Computing the Cousin-Zuckerman Resolution and the Lusztig-Vogan Bijection

TL;DR

This paper characterizes global sections of standard D-modules on flag varieties, computes the Cousin-Zuckerman resolution, and proves the Lusztig-Vogan bijection for specific cases, linking representation classifications.

Contribution

It provides a proof of a key characterization of global sections of standard D-modules and applies it to compute resolutions and bijections in representation theory.

Findings

Computed the Cousin-Zuckerman resolution of the trivial representation.

Proved the Lusztig-Vogan bijection for n=2,3 in the case of GL(n,H).

Determined the lowest K-type map for various orbits.

Abstract

The goal of this article is to give a proof of a result seemingly absent from the literature characterizing global sections of standard $\mathcal{D}$-modules on the flag variety.
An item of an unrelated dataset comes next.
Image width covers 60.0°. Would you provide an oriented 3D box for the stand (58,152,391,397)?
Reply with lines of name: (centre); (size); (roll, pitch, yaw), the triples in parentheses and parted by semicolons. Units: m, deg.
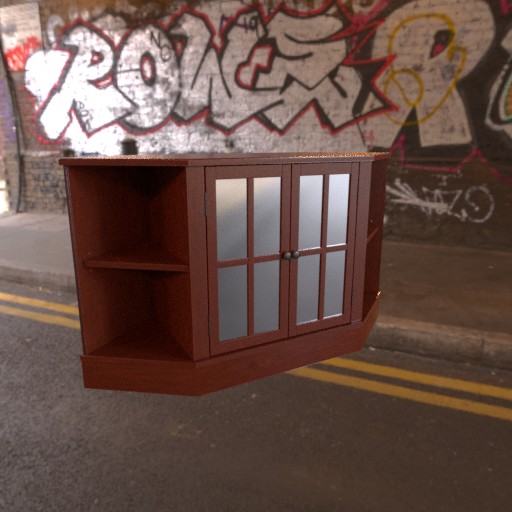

This characterization yields a mixture of the Langlands Classification of admissible representations with the Knapp-Zuckerman classification of tempered representations of a real reductive group. We use this result to compute the Cousin-Zuckerman resolution of the trivial representation in terms of standard $(\mathfrak{g},K)$-modules. Further, in the case of $GL(n,\mathbb{H})$ we use this to prove the Lusztig-Vogan bijection for $n=2,3$ and compute the lowest $K$-type map for the zero and principal orbits for general $n$ as well as the image of the trivial representation for even orbits.